[Stored items from a collection]
----

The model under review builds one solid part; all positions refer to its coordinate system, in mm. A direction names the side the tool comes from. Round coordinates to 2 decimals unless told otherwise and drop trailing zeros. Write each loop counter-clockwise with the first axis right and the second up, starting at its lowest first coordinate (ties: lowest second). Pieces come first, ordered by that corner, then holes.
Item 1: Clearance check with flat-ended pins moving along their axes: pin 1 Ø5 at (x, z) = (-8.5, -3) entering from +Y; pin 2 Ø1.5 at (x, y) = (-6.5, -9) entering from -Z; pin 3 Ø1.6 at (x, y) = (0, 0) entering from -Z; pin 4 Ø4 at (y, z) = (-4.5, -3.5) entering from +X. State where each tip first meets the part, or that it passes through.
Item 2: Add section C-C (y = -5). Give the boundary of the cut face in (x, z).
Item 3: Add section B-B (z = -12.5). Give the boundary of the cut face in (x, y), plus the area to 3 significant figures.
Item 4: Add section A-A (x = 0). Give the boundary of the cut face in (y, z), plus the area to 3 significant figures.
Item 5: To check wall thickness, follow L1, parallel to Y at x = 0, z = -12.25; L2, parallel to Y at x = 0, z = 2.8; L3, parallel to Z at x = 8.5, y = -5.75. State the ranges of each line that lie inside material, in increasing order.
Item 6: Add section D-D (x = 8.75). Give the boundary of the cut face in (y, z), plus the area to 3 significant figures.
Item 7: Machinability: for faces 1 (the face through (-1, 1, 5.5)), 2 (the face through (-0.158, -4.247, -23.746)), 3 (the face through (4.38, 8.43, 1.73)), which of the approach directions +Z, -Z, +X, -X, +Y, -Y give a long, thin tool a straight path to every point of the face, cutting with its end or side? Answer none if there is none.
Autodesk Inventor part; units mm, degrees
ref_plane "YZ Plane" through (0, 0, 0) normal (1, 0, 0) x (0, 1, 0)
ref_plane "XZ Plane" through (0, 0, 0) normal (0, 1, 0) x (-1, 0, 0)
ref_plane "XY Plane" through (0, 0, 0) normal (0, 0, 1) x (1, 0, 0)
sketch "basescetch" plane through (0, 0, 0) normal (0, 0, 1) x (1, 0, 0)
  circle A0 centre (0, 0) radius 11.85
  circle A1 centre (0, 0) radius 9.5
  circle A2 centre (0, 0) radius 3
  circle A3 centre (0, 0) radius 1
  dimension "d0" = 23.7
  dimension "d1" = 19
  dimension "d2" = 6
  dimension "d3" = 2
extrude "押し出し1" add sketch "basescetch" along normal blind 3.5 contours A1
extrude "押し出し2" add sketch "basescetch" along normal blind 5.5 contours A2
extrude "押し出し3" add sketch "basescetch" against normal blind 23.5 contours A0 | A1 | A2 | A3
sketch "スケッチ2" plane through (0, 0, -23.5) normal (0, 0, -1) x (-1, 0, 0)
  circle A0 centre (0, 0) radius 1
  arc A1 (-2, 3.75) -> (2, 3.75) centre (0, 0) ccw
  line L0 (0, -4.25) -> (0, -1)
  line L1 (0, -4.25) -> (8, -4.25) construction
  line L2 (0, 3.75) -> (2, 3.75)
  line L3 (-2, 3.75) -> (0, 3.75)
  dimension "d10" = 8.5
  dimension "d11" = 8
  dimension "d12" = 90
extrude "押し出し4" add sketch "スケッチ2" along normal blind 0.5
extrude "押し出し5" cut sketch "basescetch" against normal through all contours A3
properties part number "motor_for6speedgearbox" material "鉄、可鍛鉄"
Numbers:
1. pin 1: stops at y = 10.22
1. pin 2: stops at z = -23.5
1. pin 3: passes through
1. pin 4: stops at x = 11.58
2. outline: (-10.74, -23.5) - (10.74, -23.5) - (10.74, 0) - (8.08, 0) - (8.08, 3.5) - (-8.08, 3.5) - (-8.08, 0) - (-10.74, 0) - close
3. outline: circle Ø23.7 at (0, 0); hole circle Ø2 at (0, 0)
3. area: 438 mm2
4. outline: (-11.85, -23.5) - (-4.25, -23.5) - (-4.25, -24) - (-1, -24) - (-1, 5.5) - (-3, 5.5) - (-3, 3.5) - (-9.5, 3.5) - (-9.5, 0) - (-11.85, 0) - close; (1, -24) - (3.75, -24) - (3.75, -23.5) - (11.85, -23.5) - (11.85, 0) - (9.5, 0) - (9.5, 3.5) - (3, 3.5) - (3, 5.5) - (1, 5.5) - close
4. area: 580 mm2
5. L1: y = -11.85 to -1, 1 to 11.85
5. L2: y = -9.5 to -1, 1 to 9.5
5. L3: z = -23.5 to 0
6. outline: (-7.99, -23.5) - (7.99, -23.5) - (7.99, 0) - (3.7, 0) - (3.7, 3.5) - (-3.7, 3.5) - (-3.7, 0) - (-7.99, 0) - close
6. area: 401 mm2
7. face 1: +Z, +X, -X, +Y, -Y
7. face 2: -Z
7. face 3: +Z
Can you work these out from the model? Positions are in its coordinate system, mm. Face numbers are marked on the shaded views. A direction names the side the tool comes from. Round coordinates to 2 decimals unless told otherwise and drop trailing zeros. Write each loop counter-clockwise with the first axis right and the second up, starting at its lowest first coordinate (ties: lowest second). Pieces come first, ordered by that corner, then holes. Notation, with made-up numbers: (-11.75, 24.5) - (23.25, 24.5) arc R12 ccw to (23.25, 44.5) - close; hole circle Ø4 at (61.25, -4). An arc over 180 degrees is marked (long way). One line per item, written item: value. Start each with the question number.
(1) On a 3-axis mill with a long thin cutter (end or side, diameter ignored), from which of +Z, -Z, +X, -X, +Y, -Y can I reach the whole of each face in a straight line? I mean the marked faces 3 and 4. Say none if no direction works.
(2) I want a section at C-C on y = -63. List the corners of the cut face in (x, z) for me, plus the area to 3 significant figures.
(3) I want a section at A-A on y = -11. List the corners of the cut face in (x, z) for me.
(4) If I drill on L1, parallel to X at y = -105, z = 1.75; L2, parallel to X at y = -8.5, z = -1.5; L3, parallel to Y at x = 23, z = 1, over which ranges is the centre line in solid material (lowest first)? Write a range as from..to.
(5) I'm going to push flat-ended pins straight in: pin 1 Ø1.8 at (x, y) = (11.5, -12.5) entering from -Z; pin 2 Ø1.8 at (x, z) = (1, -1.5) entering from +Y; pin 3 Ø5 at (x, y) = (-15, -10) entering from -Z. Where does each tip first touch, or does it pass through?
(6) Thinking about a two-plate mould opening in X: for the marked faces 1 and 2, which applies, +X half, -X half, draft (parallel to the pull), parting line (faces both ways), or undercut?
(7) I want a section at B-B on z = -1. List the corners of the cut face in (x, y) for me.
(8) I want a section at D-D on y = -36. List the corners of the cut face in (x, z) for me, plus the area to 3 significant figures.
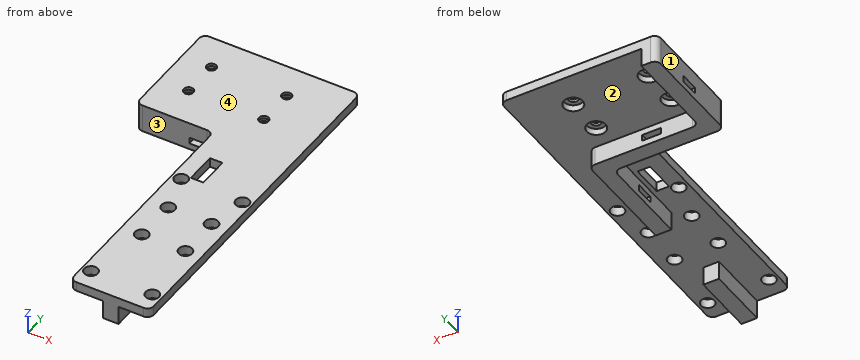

----

■ TASK
Leaving the pictures aside, give back all the records exactly as they are.

■ REPLY TO THE TASK
The model under review builds one solid part; all positions refer to its coordinate system, in mm. A direction names the side the tool comes from. Round coordinates to 2 decimals unless told otherwise and drop trailing zeros. Write each loop counter-clockwise with the first axis right and the second up, starting at its lowest first coordinate (ties: lowest second). Pieces come first, ordered by that corner, then holes.
Item 1: Clearance check with flat-ended pins moving along their axes: pin 1 Ø5 at (x, z) = (-8.5, -3) entering from +Y; pin 2 Ø1.5 at (x, y) = (-6.5, -9) entering from -Z; pin 3 Ø1.6 at (x, y) = (0, 0) entering from -Z; pin 4 Ø4 at (y, z) = (-4.5, -3.5) entering from +X. State where each tip first meets the part, or that it passes through.
Item 2: Add section C-C (y = -5). Give the boundary of the cut face in (x, z).
Item 3: Add section B-B (z = -12.5). Give the boundary of the cut face in (x, y), plus the area to 3 significant figures.
Item 4: Add section A-A (x = 0). Give the boundary of the cut face in (y, z), plus the area to 3 significant figures.
Item 5: To check wall thickness, follow L1, parallel to Y at x = 0, z = -12.25; L2, parallel to Y at x = 0, z = 2.8; L3, parallel to Z at x = 8.5, y = -5.75. State the ranges of each line that lie inside material, in increasing order.
Item 6: Add section D-D (x = 8.75). Give the boundary of the cut face in (y, z), plus the area to 3 significant figures.
Item 7: Machinability: for faces 1 (the face through (-1, 1, 5.5)), 2 (the face through (-0.158, -4.247, -23.746)), 3 (the face through (4.38, 8.43, 1.73)), which of the approach directions +Z, -Z, +X, -X, +Y, -Y give a long, thin tool a straight path to every point of the face, cutting with its end or side? Answer none if there is none.
Autodesk Inventor part; units mm, degrees
ref_plane "YZ Plane" through (0, 0, 0) normal (1, 0, 0) x (0, 1, 0)
ref_plane "XZ Plane" through (0, 0, 0) normal (0, 1, 0) x (-1, 0, 0)
ref_plane "XY Plane" through (0, 0, 0) normal (0, 0, 1) x (1, 0, 0)
sketch "basescetch" plane through (0, 0, 0) normal (0, 0, 1) x (1, 0, 0)
  circle A0 centre (0, 0) radius 11.85
  circle A1 centre (0, 0) radius 9.5
  circle A2 centre (0, 0) radius 3
  circle A3 centre (0, 0) radius 1
  dimension "d0" = 23.7
  dimension "d1" = 19
  dimension "d2" = 6
  dimension "d3" = 2
extrude "押し出し1" add sketch "basescetch" along normal blind 3.5 contours A1
extrude "押し出し2" add sketch "basescetch" along normal blind 5.5 contours A2
extrude "押し出し3" add sketch "basescetch" against normal blind 23.5 contours A0 | A1 | A2 | A3
sketch "スケッチ2" plane through (0, 0, -23.5) normal (0, 0, -1) x (-1, 0, 0)
  circle A0 centre (0, 0) radius 1
  arc A1 (-2, 3.75) -> (2, 3.75) centre (0, 0) ccw
  line L0 (0, -4.25) -> (0, -1)
  line L1 (0, -4.25) -> (8, -4.25) construction
  line L2 (0, 3.75) -> (2, 3.75)
  line L3 (-2, 3.75) -> (0, 3.75)
  dimension "d10" = 8.5
  dimension "d11" = 8
  dimension "d12" = 90
extrude "押し出し4" add sketch "スケッチ2" along normal blind 0.5
extrude "押し出し5" cut sketch "basescetch" against normal through all contours A3
properties part number "motor_for6speedgearbox" material "鉄、可鍛鉄"
Numbers:
1. pin 1: stops at y = 10.22
1. pin 2: stops at z = -23.5
1. pin 3: passes through
1. pin 4: stops at x = 11.58
2. outline: (-10.74, -23.5) - (10.74, -23.5) - (10.74, 0) - (8.08, 0) - (8.08, 3.5) - (-8.08, 3.5) - (-8.08, 0) - (-10.74, 0) - close
3. outline: circle Ø23.7 at (0, 0); hole circle Ø2 at (0, 0)
3. area: 438 mm2
4. outline: (-11.85, -23.5) - (-4.25, -23.5) - (-4.25, -24) - (-1, -24) - (-1, 5.5) - (-3, 5.5) - (-3, 3.5) - (-9.5, 3.5) - (-9.5, 0) - (-11.85, 0) - close; (1, -24) - (3.75, -24) - (3.75, -23.5) - (11.85, -23.5) - (11.85, 0) - (9.5, 0) - (9.5, 3.5) - (3, 3.5) - (3, 5.5) - (1, 5.5) - close
4. area: 580 mm2
5. L1: y = -11.85 to -1, 1 to 11.85
5. L2: y = -9.5 to -1, 1 to 9.5
5. L3: z = -23.5 to 0
6. outline: (-7.99, -23.5) - (7.99, -23.5) - (7.99, 0) - (3.7, 0) - (3.7, 3.5) - (-3.7, 3.5) - (-3.7, 0) - (-7.99, 0) - close
6. area: 401 mm2
7. face 1: +Z, +X, -X, +Y, -Y
7. face 2: -Z
7. face 3: +Z
Can you work these out from the model? Positions are in its coordinate system, mm. Face numbers are marked on the shaded views. A direction names the side the tool comes from. Round coordinates to 2 decimals unless told otherwise and drop trailing zeros. Write each loop counter-clockwise with the first axis right and the second up, starting at its lowest first coordinate (ties: lowest second). Pieces come first, ordered by that corner, then holes. Notation, with made-up numbers: (-11.75, 24.5) - (23.25, 24.5) arc R12 ccw to (23.25, 44.5) - close; hole circle Ø4 at (61.25, -4). An arc over 180 degrees is marked (long way). One line per item, written item: value. Start each with the question number.
(1) On a 3-axis mill with a long thin cutter (end or side, diameter ignored), from which of +Z, -Z, +X, -X, +Y, -Y can I reach the whole of each face in a straight line? I mean the marked faces 3 and 4. Say none if no direction works.
(2) I want a section at C-C on y = -63. List the corners of the cut face in (x, z) for me, plus the area to 3 significant figures.
(3) I want a section at A-A on y = -11. List the corners of the cut face in (x, z) for me.
(4) If I drill on L1, parallel to X at y = -105, z = 1.75; L2, parallel to X at y = -8.5, z = -1.5; L3, parallel to Y at x = 23, z = 1, over which ranges is the centre line in solid material (lowest first)? Write a range as from..to.
(5) I'm going to push flat-ended pins straight in: pin 1 Ø1.8 at (x, y) = (11.5, -12.5) entering from -Z; pin 2 Ø1.8 at (x, z) = (1, -1.5) entering from +Y; pin 3 Ø5 at (x, y) = (-15, -10) entering from -Z. Where does each tip first touch, or does it pass through?
(6) Thinking about a two-plate mould opening in X: for the marked faces 1 and 2, which applies, +X half, -X half, draft (parallel to the pull), parting line (faces both ways), or undercut?
(7) I want a section at B-B on z = -1. List the corners of the cut face in (x, y) for me.
(8) I want a section at D-D on y = -36. List the corners of the cut face in (x, z) for me, plus the area to 3 significant figures.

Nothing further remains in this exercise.